Syria, Idleb (c) OCHA

 

Opening the event, EU Ambassador Carl Hallergard, Deputy Head of the EU Delegation to the UN in Geneva, paid tribute to the millions of Syrians who, for the past 9 years, have endured enormous suffering as victims of systematic human rights violations. Over 10 million people had to flee their homes, more than 500,000 people have died, the number of enforced disappeared nears 80,000 according to some conservative figures. "Syrians deserve peace - and accountability is key to achieving peace in Syria," underlined Ambassador Hallergard. Joined by the German Ambassador Hans-Peter Jugel, Italian Ambassador Marie Sol Fulci, and Ambassador and Special Envoy for Syria Emiel de Bont from the Ministry of Foreign Affairs of the Netherlands, all stressed the EU's and European Member States' unwavering commitment to fighting impunity for human rights violations. Over 130 participants connected to the webinar to echo their support that accountability is a shared goal for the international community and for Syrians.

 

"We cannot build peace in Syria without accountability."

Giving a voice to civil society, three former detainees and human rights activists told their personal stories of having been held in detention in Syria. Noura Jizawi, survivor of detention and founder of Start Point, Mazen Darwish, a prominent Syrian lawyer imprisoned in Syria 2012-2015 and founder of the Syrian Center for Media and Freedom of Expression, and Anwar Al Bunni, Syrian human rights lawyer, former political prisoner and founder of the Syrian Human Rights Association - as survivors, they stressed the need for the international community to continue their efforts to push for accountability as the right way to ensure long lasting peace.

 

"This is probably the most extensively documented war in the history of humankind."

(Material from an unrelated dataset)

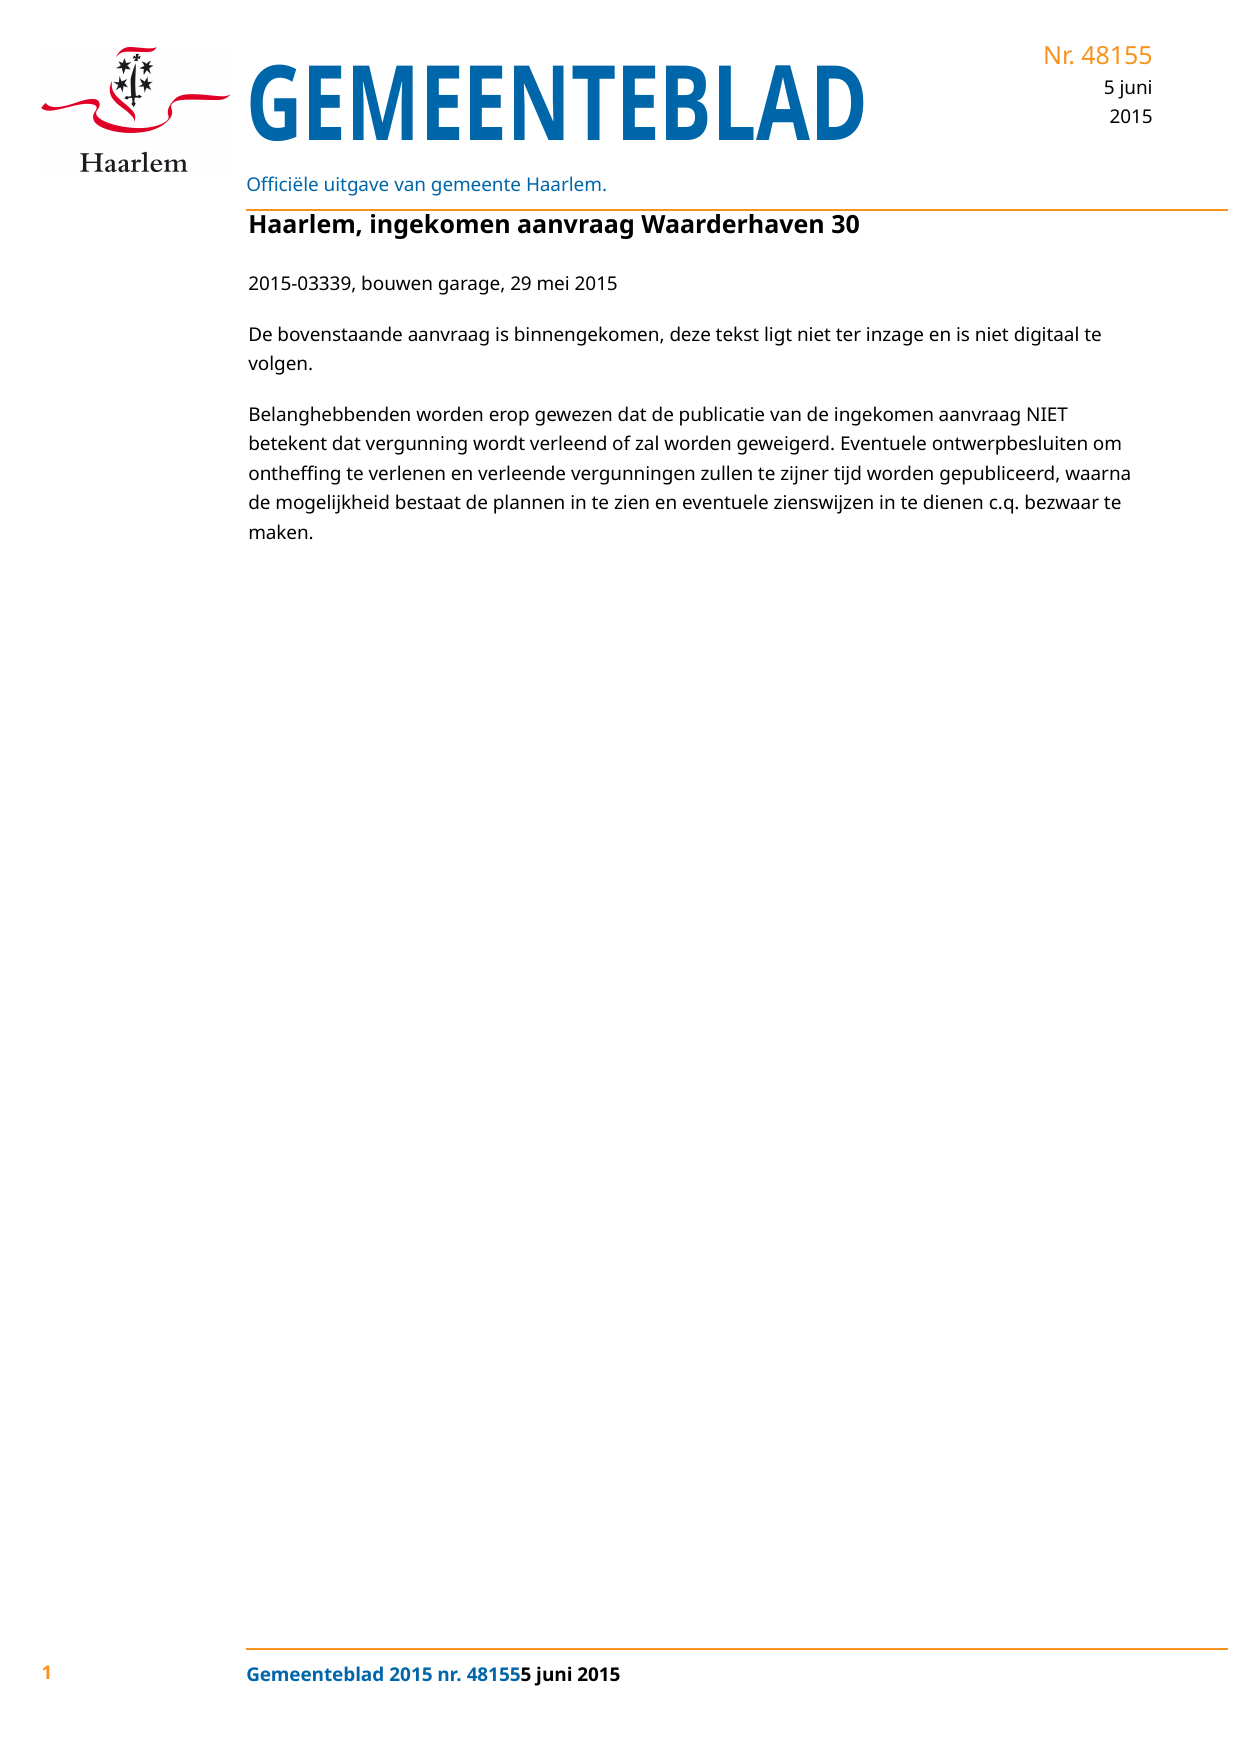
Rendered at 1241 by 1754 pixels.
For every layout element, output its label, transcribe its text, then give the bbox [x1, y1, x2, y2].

Thanks to the evidence collected by independent entities, justice systems in some European States have  evoked  universal  jurisdiction and taken steps to prosecute suspects of international crimes. The EU has been actively supporting various mechanisms of accountability and evidence collection, including the UN Commission of Inquiry on Syria (CoI), the International Impartial and Independent Mechanism on Syria (IIIM), and Syrian NGOs.  Hanny Megally from the CoI shared how the Commission has documented violations and abuses for almost 9 years in pursuit of accountability. Likewise, Catherine Marchi-Uhel, the first Head of the IIIM on Syria, and Ambassador Edmond Mulet, Head of the Independent Panel to the Organisation for the Prohibition of Chemical Weapons (OPCW) - United Nations Joint Investigative Mechanism (JIM), recalled the bodies' work to independently collect evidence of war crimes,  focusing particularly on accountability for the use of chemical weapons. The bodies have pioneered the collection and documentation of human rights violations, which has led to prosecution in a number of cases in European countries. All experts called for stronger support by the international community to collect and preserve evidence.

"To be detained in Syria is to be missing."

One particular aspect of human rights violations that stood out was the agreement by all speakers that missing persons is a particularly gruesome burden to many Syrian families, not knowing what happened to missing family members because of limited or no access to detention centers. Accountability and bringing to justice perpetrators of arbitrary detention has a broader value in meaning than just punishment, but can serve as a deterrent against future crimes, both in Syria and elsewhere. Speakers urged to continue to call for the release of detainees and for unrestricted access to all detainees by family members and independent bodies.

"The wheels of justice grind slowly, but they grind fine. One day, justice will prevail."

Impunity cannot prevail because it fosters division and tensions, and undermines peaceful co-existence. We need justice for peace in Syria – and accountability is key to give victims' families and survivors of all crimes hope for the future.

In support of Syria and the region, the EU will organise the IV Brussels conference on 29 and 30 June.